While we are incredibly satisfied and proud of the progress SafeSound has made within just a 24-hour period, our vision for the project extends far beyond this hackathon. Despite our achievements, there remains a host of features we aspire to implement in the future.

Firstly, the development of a mobile app would significantly enhance accessibility, allowing users to benefit from SafeSound's protective measures on the go. Additionally, we aim to upgrade the system to handle multiple trigger words simultaneously, broadening the scope of conversations and environments that can be made safer.

Another critical area for expansion is the tool's capability to detect and moderate audio content from a wider array of applications, including Instagram reels and various movie streaming platforms. This would ensure users are safeguarded across more of their digital lives. Moreover, we recognize the importance of refining the audio transcription process. By harnessing better computational power, we can improve the accuracy and responsiveness of SafeSound, making it even more effective in real-time situations.

Lastly, enhancing the user experience by making word fade-ins and fade-outs smoother is a priority. This refinement would ensure that interventions by SafeSound are as unobtrusive as possible, maintaining the natural flow of conversations while still providing protection. Each of these enhancements is a step towards realizing our ambitious vision for SafeSound, making it an even more powerful tool for individuals seeking to navigate their auditory world with confidence and security.

Final Thoughts

Reflecting on SafeSound's development, we see it as more than a technological breakthrough; it's a beacon for creating safer, more inclusive spaces. This project has stretched the limits of what we thought possible, blending innovation with a deep commitment to enhancing individual well-being.

SafeSound's journey from idea to implementation encapsulates the essence of collaboration and the power of a vision that looks beyond immediate challenges to the broader impact on society. Our achievements thus far mark only the beginning of what we hope to accomplish. The potential for SafeSound to transform auditory experiences worldwide fuels our ambition to continue refining and expanding its capabilities.
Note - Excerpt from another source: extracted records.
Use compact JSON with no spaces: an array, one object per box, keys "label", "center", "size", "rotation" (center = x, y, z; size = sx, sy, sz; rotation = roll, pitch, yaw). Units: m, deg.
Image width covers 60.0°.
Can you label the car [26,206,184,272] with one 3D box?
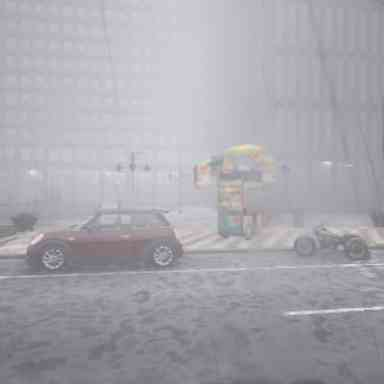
[{"label":"car","center":[-2.570,1.313,10.325],"size":[4.553,1.767,2.185],"rotation":[0,0,-9]}]
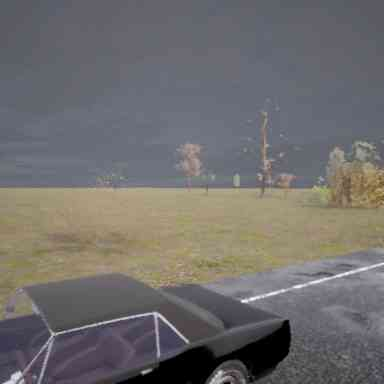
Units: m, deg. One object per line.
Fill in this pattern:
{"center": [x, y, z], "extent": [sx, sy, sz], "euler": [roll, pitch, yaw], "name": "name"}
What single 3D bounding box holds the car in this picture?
{"center": [-1.297, 1.598, 3.068], "extent": [4.718, 1.301, 1.895], "euler": [0, 0, -35], "name": "car"}
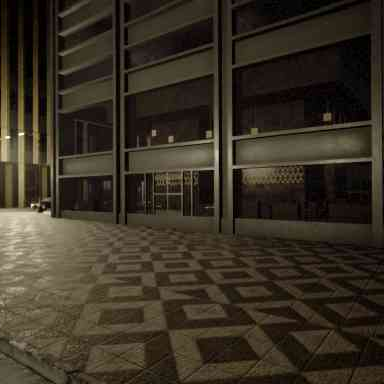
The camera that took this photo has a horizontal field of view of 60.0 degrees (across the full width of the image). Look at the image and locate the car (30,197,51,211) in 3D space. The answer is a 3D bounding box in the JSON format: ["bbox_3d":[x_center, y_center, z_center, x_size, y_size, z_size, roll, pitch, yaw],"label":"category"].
[{"bbox_3d":[-16.038,1.339,38.249,2.128,1.511,4.902,0,0,36],"label":"car"}]
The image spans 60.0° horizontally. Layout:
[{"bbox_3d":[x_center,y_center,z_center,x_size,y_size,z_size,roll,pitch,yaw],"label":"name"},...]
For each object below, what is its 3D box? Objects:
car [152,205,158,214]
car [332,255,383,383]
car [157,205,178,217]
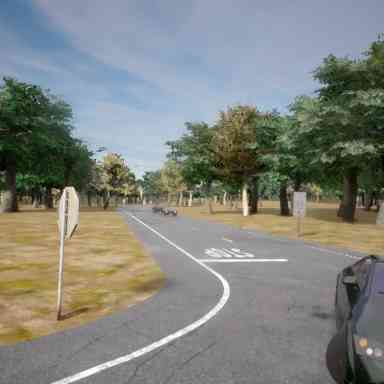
[{"bbox_3d":[-5.665,2.961,56.886,1.882,1.535,5.008,3,-2,-14],"label":"car"},{"bbox_3d":[3.109,1.643,4.624,1.994,1.385,4.181,1,-1,22],"label":"car"},{"bbox_3d":[-3.421,2.850,48.036,1.895,1.301,4.718,3,-2,-13],"label":"car"}]
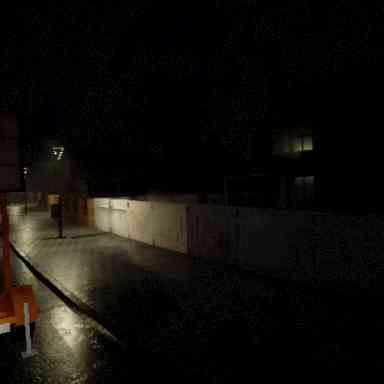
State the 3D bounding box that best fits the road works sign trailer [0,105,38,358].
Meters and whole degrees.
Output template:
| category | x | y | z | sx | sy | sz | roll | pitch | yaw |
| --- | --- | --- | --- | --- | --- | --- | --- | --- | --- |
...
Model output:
| category | x | y | z | sx | sy | sz | roll | pitch | yaw |
| --- | --- | --- | --- | --- | --- | --- | --- | --- | --- |
| road works sign trailer | -3.845 | 0.438 | 4.976 | 2.380 | 3.560 | 2.880 | -2 | 2 | -35 |
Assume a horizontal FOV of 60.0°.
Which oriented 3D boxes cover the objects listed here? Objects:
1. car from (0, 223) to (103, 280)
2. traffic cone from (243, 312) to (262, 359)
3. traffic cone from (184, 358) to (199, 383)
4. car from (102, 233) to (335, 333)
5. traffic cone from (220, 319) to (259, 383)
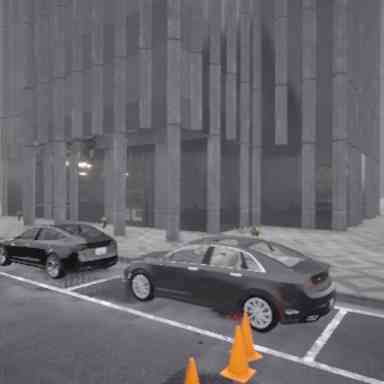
[{"bbox_3d":[-4.098,1.597,9.989,4.313,1.339,1.947,0,0,35],"label":"car"},{"bbox_3d":[0.742,1.976,4.627,0.340,0.580,0.340,0,0,-26],"label":"traffic cone"},{"bbox_3d":[-0.005,1.970,3.348,0.340,0.580,0.340,0,0,35],"label":"traffic cone"},{"bbox_3d":[0.497,1.579,6.717,4.403,1.369,2.008,0,0,35],"label":"car"},{"bbox_3d":[0.575,1.974,4.162,0.340,0.580,0.340,0,0,35],"label":"traffic cone"}]
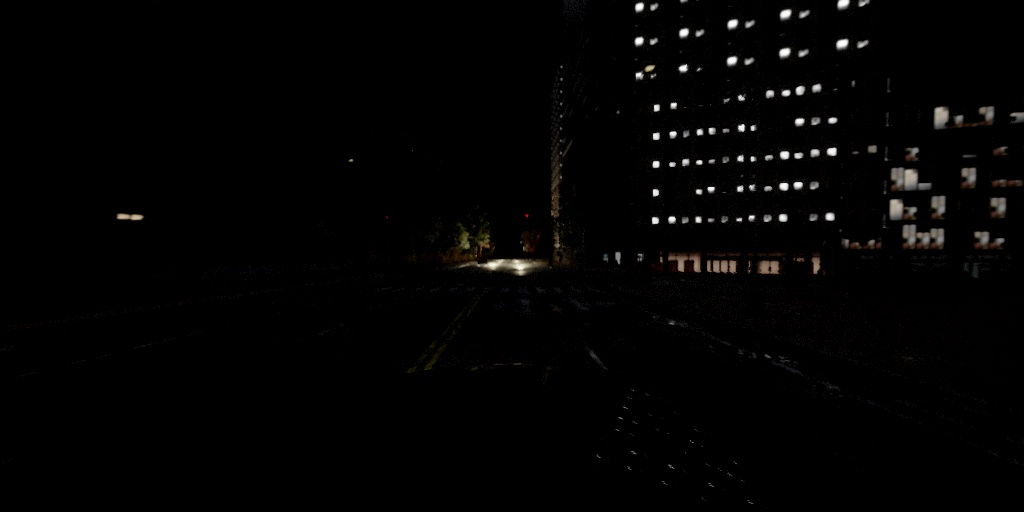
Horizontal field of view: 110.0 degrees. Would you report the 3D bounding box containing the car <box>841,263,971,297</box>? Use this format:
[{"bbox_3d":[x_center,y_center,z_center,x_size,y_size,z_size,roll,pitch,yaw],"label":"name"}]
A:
[{"bbox_3d":[23.017,1.355,21.474,5.009,1.841,2.192,0,0,20],"label":"car"}]

Looking ahead, we're inspired by the possibilities that SafeSound presents for ensuring everyone can navigate their daily lives without fear of distressing encounters. We're grateful for the support and feedback from our community, which has been instrumental in shaping SafeSound's trajectory. Together, we're not just developing a tool; we're paving the way for a future where safety and inclusivity are integral to every auditory interaction. SafeSound represents our first step towards that future, and we're excited for the journey ahead.